Currently, the US government is badly outdated and structured in a way that stifles the growth and opportunity that innovation creates. Reforms are needed, but simply slashing and burning government and dismantling some of the country’s strongest research assets are not the answer—no matter how hard Republicans try. Instead, Democrats must promote a new, purpose-built system that accelerates American technology and innovation to benefit our country, increase exports, and uplift the working- and middle-class.

To do this, Democrats should embrace the following priorities:

  1. Make the United States the global hub for emerging and advanced tech. The United States must compete on a fair playing field with China, or we will lose the race on AI, chips, batteries, and robotics—and with it our national security leverage. That requires more engagement with allies and trading partners in order to support American interests on the front lines of the battle with China, protect American interests from international overreach, and develop an aggressive export strategy to counter China.
  2. Build a 21st century permitting and infrastructure system. The current permitting system isn’t slow—it’s broken. We need to develop a radically simplified framework tailored to 21st century technologies that also maintains our high economic, environmental, and worker standards.
  3. Supercharge innovation with robust federal investment and reliable intellectual property protections.
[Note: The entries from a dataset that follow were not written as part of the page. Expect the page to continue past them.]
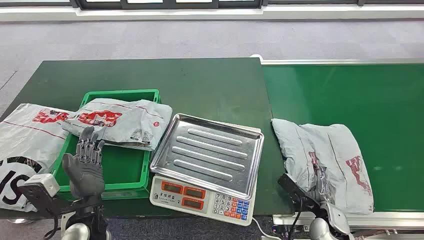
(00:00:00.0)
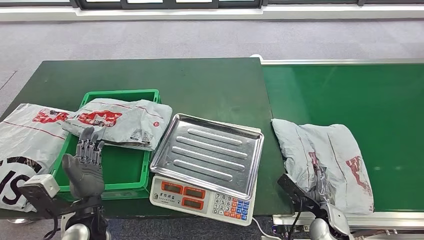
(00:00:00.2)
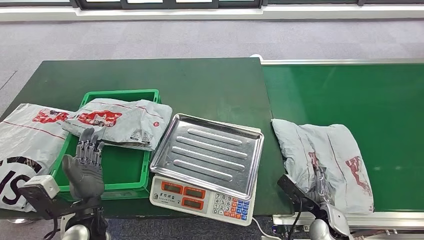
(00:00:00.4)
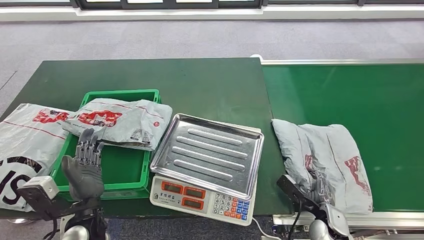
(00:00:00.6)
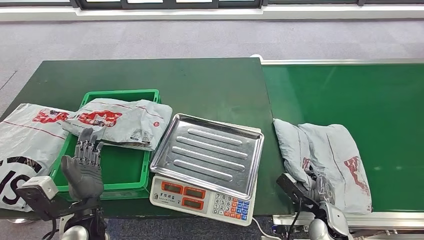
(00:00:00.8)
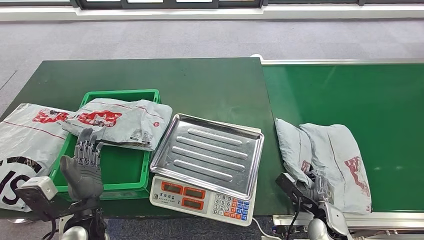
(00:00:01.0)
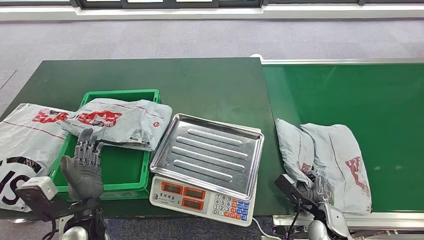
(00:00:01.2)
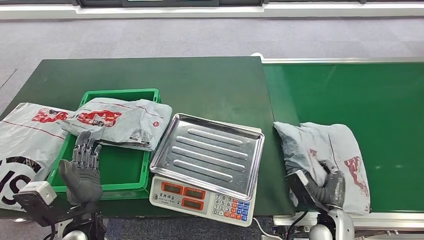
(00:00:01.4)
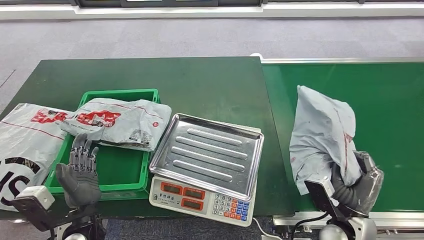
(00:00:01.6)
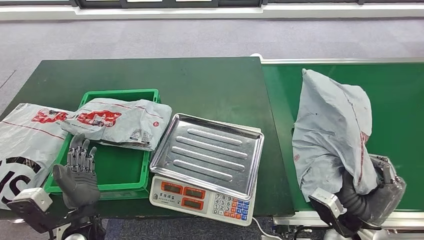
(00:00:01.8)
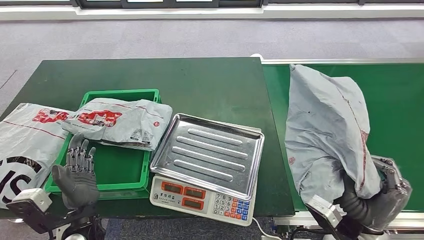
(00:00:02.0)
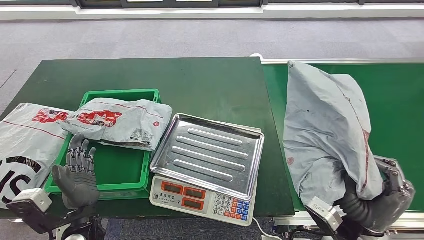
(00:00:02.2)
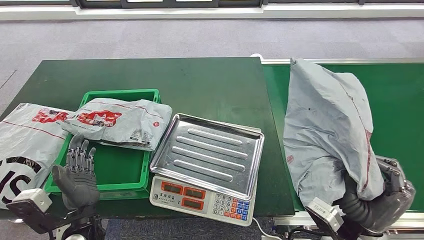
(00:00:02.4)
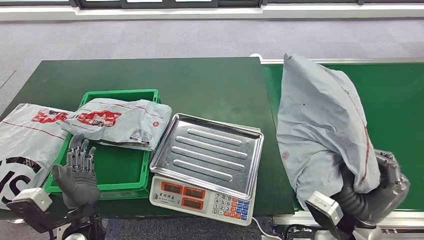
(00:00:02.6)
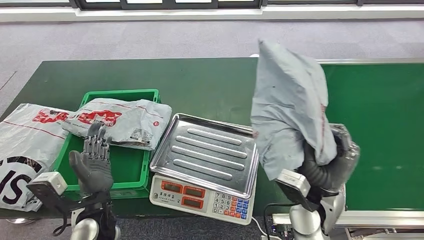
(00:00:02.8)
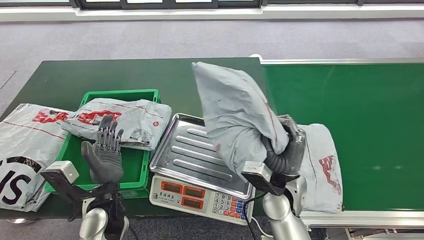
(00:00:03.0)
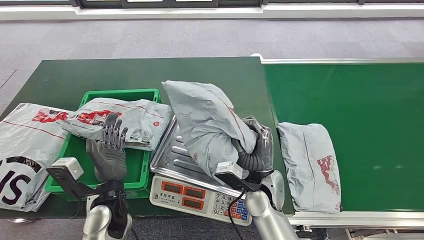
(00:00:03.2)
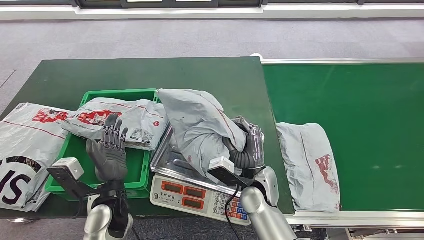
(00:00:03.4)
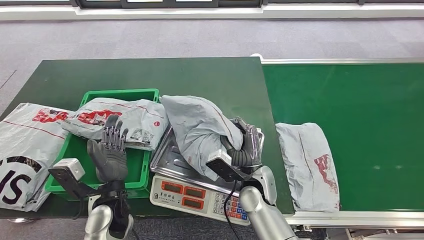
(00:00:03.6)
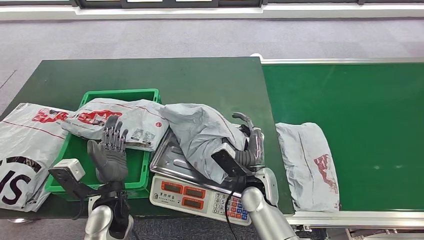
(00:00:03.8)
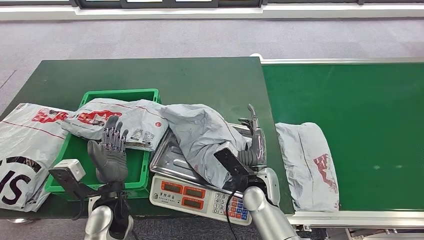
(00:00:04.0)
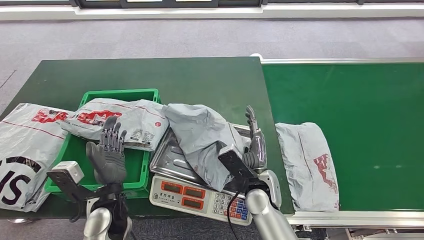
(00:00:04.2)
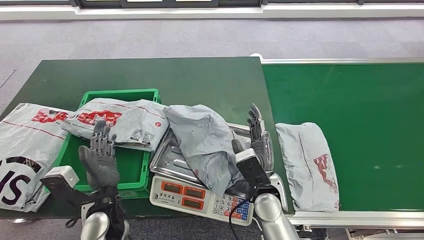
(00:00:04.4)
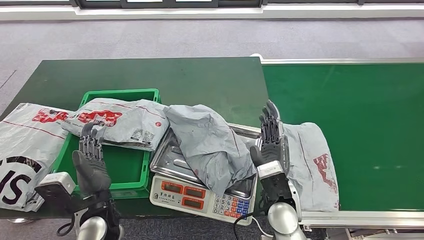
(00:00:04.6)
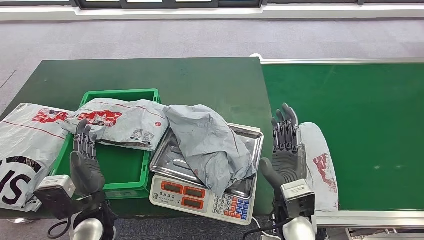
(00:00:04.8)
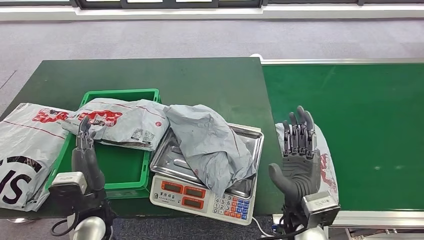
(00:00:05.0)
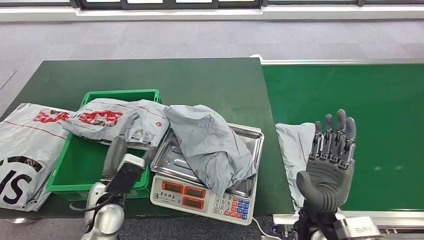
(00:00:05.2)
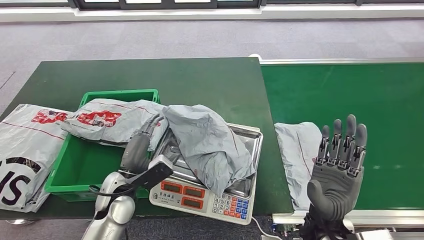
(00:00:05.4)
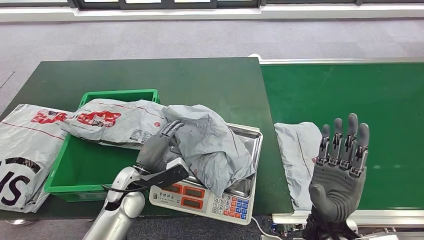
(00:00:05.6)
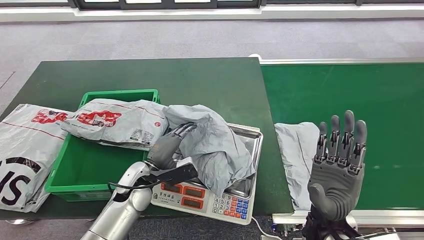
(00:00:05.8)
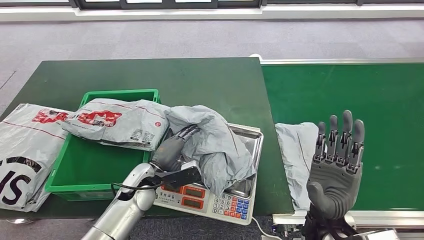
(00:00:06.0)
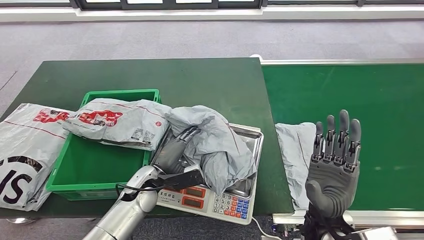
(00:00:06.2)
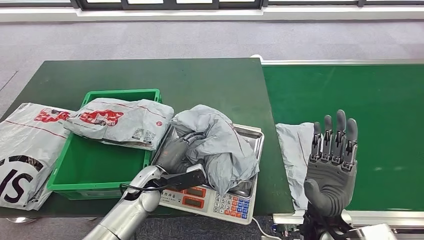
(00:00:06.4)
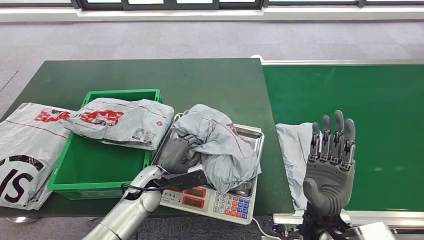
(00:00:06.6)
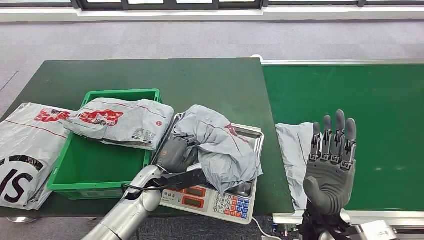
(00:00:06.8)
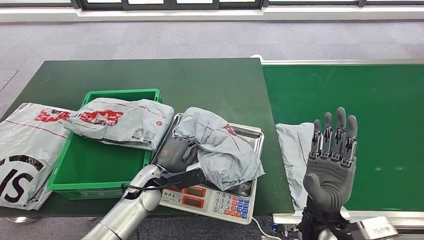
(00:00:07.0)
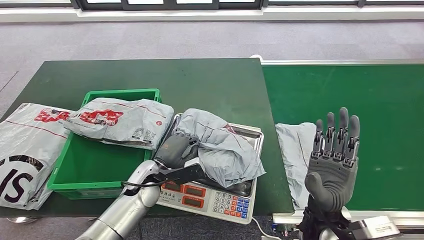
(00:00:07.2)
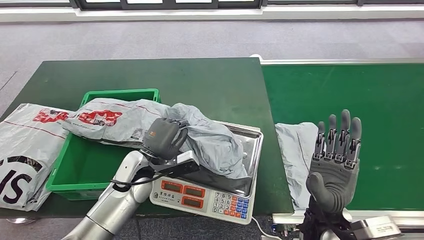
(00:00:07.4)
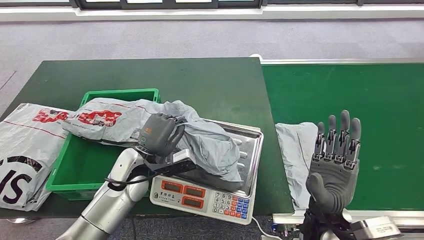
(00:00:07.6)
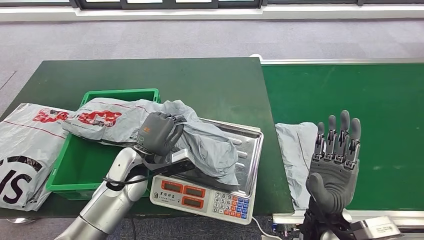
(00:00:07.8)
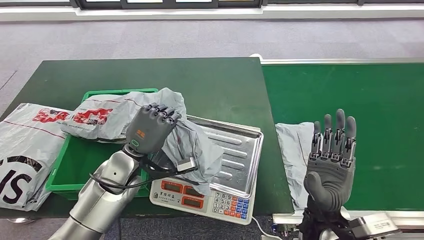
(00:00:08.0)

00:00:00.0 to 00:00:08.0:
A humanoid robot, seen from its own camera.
Task of the whole recording: Weigh the package on the weighing device and place it in the left basket.
Step, 00:00:00.0 to 00:00:02.2: Pick up the package from the conveyor belt.
Step, 00:00:02.4 to 00:00:04.6: Place the package onto the inbound machine.
Step, 00:00:05.0 to 00:00:08.0: Pick up the package from the inbound machine.
00:00:03.2 to 00:00:04.8: The right hand goes roughly 5 cm backward.

The United States is the undisputable leader in R&D. We must regain that mantle and re-fund federal investments in innovation. Public-private co-investment and strong, reliable IP protections are essential. From university lab discoveries all the way through to first of a kind deployment, a system supporting investment and technology is key. In an era of hyper-scaling innovation and competition with China, this funding pipeline needs to be supercharged with streamlined grant-making, new mechanisms like the UK’s National Innovation Wealth Fund, and reform of investment rules to allow more capital to flow into everything from high-growth startups to late-stage innovative companies.
  4. Future-proof the workforce with a skills-based, AI-ready education system. The next era of technological innovation requires an overhaul of education and training systems to give workers the skills in AI, advanced manufacturing, and other technologies. We also need a redo of our immigration system to bring in the high-skill workers from around the world that will create opportunity here at home.
  5. Establish clear rules of the road that only regulate what’s necessary. One federal standard is easier to comply with than 50 different state standards. Regulations should ensure technology is safe, but tacking on extraneous regulations to solve disparate problems only suffocates the innovation we’re trying to grow.
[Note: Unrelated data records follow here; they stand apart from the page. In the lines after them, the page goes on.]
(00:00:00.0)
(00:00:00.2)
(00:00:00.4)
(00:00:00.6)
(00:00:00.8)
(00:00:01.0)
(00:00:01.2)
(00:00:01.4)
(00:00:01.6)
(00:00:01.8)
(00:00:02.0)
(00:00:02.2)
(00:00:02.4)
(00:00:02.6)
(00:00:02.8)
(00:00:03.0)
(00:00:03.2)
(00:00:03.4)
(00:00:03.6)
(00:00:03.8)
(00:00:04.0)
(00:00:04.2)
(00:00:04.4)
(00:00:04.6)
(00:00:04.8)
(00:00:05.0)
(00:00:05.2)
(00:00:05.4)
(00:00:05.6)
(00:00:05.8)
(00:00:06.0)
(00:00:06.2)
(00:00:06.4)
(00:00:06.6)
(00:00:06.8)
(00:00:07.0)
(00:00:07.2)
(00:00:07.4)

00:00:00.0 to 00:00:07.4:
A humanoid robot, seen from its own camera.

The Fourth Industrial Age of Intelligent Machines has the potential to create immense prosperity, but it will also bring massive disruptions. Jobs will shift and ethical concerns about AI decision-making will become urgent. Over the years, we have seen green shoots of congressional leadership, action, and execution on these issues—then-Leader Nancy Pelosi spearheaded an innovation agenda in 2005, Senate Democratic Leader Chuck Schumer built a bipartisan roadmap for AI, Rep. Ro Khanna has pushed to spread the benefits of technology into the Heartland, the New Democrat Coalition has had innovation task forces throughout recent Congresses, and Rep. Sam Liccardo is building a forward-looking agenda on tech, to name just a few.

But now, Democrats throughout the caucus should embrace and shape this shift proactively—rather than resisting it—and provide an optimistic path forward for the United States that will benefit all Americans. Democrats have led on an innovation agenda before, they can do it again.